[Information provided — start]

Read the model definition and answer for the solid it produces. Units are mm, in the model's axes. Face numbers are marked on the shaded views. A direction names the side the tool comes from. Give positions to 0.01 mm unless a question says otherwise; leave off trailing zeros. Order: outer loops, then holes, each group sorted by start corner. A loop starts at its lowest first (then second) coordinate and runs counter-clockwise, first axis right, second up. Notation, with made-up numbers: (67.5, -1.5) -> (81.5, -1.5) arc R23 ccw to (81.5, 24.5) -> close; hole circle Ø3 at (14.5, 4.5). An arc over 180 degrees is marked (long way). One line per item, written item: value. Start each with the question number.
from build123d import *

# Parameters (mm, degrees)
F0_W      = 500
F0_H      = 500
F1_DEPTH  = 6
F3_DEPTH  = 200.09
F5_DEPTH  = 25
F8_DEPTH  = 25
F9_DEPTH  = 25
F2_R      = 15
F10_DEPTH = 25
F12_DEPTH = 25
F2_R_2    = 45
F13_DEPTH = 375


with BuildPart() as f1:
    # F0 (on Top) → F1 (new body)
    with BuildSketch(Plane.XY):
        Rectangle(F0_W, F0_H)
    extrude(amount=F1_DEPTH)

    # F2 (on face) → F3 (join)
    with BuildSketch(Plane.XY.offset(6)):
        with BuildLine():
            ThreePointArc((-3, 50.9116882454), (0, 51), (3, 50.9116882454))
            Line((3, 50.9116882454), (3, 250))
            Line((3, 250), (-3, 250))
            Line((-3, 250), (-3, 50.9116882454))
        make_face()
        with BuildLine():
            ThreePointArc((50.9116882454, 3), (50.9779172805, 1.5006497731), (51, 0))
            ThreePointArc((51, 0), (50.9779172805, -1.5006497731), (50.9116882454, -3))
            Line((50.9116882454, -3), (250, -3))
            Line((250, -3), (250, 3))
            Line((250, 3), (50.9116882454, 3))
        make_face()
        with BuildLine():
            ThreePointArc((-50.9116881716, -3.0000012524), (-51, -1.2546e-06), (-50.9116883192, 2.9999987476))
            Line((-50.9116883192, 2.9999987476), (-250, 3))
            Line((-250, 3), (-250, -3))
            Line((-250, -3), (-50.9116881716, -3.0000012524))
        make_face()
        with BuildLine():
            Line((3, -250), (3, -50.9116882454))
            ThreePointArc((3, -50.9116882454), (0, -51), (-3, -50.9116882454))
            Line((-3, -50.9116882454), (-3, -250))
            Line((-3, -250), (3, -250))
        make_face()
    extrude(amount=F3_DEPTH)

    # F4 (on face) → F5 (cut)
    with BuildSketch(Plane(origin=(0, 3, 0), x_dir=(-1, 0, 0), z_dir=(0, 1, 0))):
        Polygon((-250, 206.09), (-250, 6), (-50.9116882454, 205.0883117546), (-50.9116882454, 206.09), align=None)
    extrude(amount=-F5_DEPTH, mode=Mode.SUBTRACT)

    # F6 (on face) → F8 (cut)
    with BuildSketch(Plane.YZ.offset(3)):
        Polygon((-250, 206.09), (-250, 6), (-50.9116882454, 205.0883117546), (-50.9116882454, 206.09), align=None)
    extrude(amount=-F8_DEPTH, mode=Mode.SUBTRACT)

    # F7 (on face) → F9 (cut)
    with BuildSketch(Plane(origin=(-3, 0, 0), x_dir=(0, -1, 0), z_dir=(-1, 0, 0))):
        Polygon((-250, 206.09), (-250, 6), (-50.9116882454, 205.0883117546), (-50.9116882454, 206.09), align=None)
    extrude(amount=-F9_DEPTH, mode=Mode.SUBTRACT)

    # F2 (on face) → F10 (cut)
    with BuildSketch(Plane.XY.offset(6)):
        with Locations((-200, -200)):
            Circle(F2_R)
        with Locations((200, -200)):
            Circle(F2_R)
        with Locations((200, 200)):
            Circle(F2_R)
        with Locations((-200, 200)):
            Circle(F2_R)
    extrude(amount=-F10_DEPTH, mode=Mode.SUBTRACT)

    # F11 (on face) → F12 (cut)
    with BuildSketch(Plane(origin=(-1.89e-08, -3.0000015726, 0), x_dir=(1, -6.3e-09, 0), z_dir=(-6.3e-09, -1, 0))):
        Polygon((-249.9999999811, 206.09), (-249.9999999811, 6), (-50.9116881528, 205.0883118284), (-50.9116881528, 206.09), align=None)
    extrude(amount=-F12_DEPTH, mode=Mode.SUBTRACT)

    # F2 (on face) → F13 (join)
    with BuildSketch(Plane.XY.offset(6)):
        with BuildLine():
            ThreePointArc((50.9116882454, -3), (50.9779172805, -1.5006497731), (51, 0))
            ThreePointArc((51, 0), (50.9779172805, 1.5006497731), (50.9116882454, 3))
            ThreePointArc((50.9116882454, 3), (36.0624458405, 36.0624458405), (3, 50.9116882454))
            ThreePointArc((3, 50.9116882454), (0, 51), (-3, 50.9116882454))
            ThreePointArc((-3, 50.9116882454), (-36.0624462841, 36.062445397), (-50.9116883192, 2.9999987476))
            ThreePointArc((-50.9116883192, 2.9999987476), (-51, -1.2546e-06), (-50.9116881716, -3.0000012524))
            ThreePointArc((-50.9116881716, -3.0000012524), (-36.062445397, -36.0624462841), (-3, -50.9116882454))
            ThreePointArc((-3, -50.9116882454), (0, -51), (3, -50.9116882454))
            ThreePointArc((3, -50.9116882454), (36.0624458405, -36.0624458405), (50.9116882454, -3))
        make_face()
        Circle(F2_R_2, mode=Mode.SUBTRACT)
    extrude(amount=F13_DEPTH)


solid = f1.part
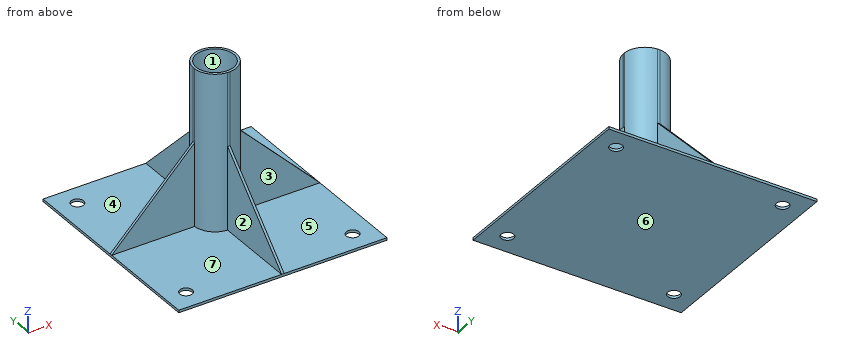
Item 1: Find section B-B on z = 176.5. Write down the section's boundary in (x, y), then the cut area to 3 significant figures.
Item 2: Find section A-A on x = 200. Write down the section's boundary in (y, z).
Item 3: Flat-ended cylindrical pins translate along their axes: pin 1 (1 mm diameter, centred on y = -116.5, z = 127, fed in from -X); pin 2 (10 mm diameter, centred on x = -39, y = -67, fed in from +Z); pin 3 (6 mm diameter, centred on y = 39, z = 74, fed in from +X). Find the tip coordinate at first contact, or state that the pin passes through.
Item 4: A tool of negligible diameter and unlimited length cuts with its end or side. For the marked faces 4, 5, 6 and 7, from which of +Z, -Z, +X, -X, +Y, -Y can it reach the whole face along a straight path? Write none if from no direction.
Item 5: Find the intervals of material crossed by line 1 (Y direction, x = -200, z = 2); line 2 (Z direction, x = -110, y = -131.5); line 3 (X direction, y = -0.5, z = 70.5), in increasing order. Write a range as from..to.
Item 6: For a pull along X with two mould halves and no side action, classify the marked faces 1, 2 and 3 as +X half, -X half, draft (parallel to the pull), parting line (faces both ways), or undercut.
Item 7: Find section D-D on y = -142.5. Write down the section's boundary in (x, z), then the cut area to 4 significant figures.
Checks:
1. outline: (-79.5, -3) -> (-50.91, -3) arc R51 ccw to (-3, -50.91) -> (-3, -79.5) -> (3, -79.5) -> (3, -50.91) arc R51 ccw to (50.91, -3) -> (79.5, -3) -> (79.5, 3) -> (50.91, 3) arc R51 ccw to (3, 50.91) -> (3, 79.5) -> (-3, 79.5) -> (-3, 50.91) arc R51 ccw to (-50.91, 3) -> (-79.5, 3) -> close; hole circle Ø90 at (0, 0)
1. area: 2,490 mm2
2. outline: (-250, 0) -> (-215, 0) -> (-215, 6) -> (-250, 6) -> close; (-185, 0) -> (185, 0) -> (185, 6) -> (3, 6) -> (3, 56) -> (-3, 56) -> (-3, 6) -> (-185, 6) -> close; (215, 0) -> (250, 0) -> (250, 6) -> (215, 6) -> close
3. pin 1: x = -3
3. pin 2: z = 6
3. pin 3: x = 36.12
4. face 4: +Z, -X, +Y
4. face 5: +Z, +X, -Y
4. face 6: -Z, +X, -X, +Y, -Y
4. face 7: +Z, -X, -Y
5. line 1: -250..-215, -185..185, 215..250
5. line 2: 0..6
5. line 3: -185.5..-45, 45..185.5
6. face 1: undercut
6. face 2: -X half
6. face 3: draft
7. outline: (-250, 0) -> (250, 0) -> (250, 6) -> (3, 6) -> (3, 113.5) -> (-3, 113.5) -> (-3, 6) -> (-250, 6) -> close
7. area: 3,645 mm2
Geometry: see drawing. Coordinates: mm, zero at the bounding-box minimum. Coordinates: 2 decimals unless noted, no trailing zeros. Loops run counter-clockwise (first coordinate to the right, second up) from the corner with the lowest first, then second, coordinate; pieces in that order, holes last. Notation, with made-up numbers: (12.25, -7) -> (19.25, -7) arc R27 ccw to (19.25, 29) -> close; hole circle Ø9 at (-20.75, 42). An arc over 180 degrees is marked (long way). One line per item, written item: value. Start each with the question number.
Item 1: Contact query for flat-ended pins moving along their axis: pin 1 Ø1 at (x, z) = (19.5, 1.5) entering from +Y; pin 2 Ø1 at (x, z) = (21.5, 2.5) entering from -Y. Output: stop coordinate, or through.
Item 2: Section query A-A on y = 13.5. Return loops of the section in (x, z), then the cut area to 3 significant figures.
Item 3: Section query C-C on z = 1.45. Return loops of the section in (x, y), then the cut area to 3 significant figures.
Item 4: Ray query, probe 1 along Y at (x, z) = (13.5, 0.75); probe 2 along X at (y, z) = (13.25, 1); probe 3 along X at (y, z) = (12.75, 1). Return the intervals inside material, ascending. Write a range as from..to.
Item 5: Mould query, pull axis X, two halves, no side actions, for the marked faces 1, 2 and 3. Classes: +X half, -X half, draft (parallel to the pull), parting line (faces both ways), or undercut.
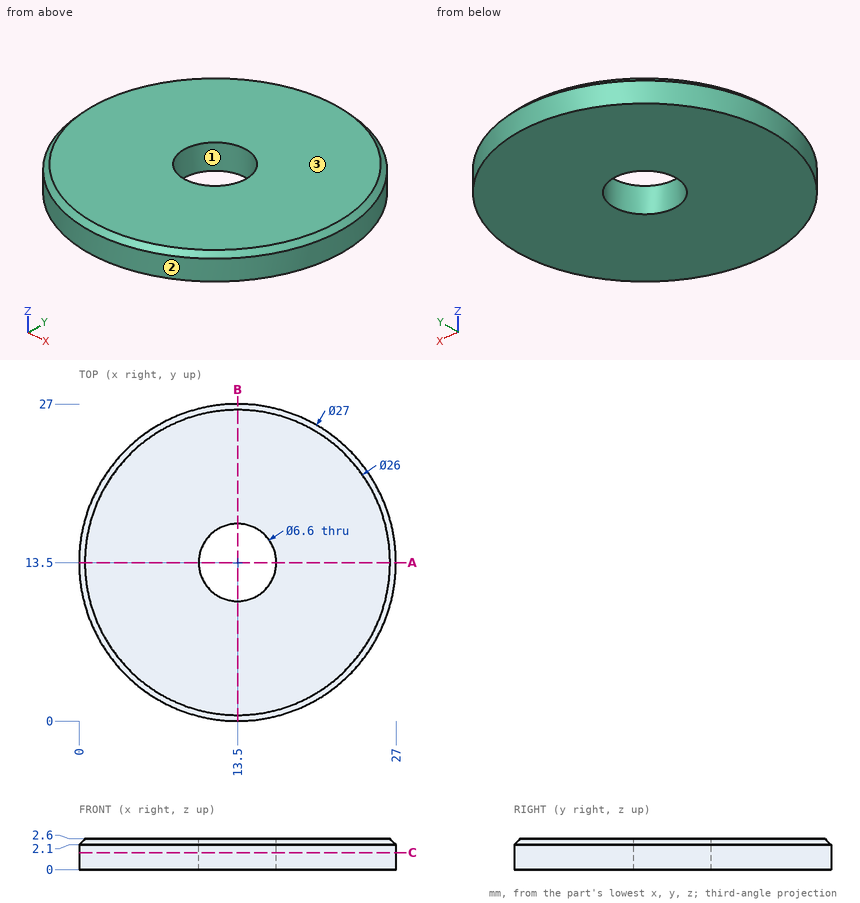
Reply:
1. pin 1: stops at y = 25.83
1. pin 2: stops at y = 2.41
2. outline: (0, 0) -> (10.2, 0) -> (10.2, 2.6) -> (0.5, 2.6) -> (0, 2.1) -> close; (16.8, 0) -> (27, 0) -> (27, 2.1) -> (26.5, 2.6) -> (16.8, 2.6) -> close
2. area: 52.8 mm²
3. outline: circle Ø27 at (13.5, 13.5); hole circle Ø6.6 at (13.5, 13.5)
3. area: 538 mm²
4. probe 1: y = 0..10.2, 16.8..27
4. probe 2: x = 0..10.21, 16.79..27
4. probe 3: x = 0.02..10.29, 16.71..26.98
5. face 1: undercut
5. face 2: parting line
5. face 3: draft

[Information provided — finish]

→ **Goal of the exercise**
Retype only the stretch of lines above starting at the one with "1. pin 2: stops at y = 2.41" and stopping at the one with "4. probe 2: x = 0..10.21, 16.79..27", exactly as written, with both kept.

→ **Exercise result**
1. pin 2: stops at y = 2.41
2. outline: (0, 0) -> (10.2, 0) -> (10.2, 2.6) -> (0.5, 2.6) -> (0, 2.1) -> close; (16.8, 0) -> (27, 0) -> (27, 2.1) -> (26.5, 2.6) -> (16.8, 2.6) -> close
2. area: 52.8 mm²
3. outline: circle Ø27 at (13.5, 13.5); hole circle Ø6.6 at (13.5, 13.5)
3. area: 538 mm²
4. probe 1: y = 0..10.2, 16.8..27
4. probe 2: x = 0..10.21, 16.79..27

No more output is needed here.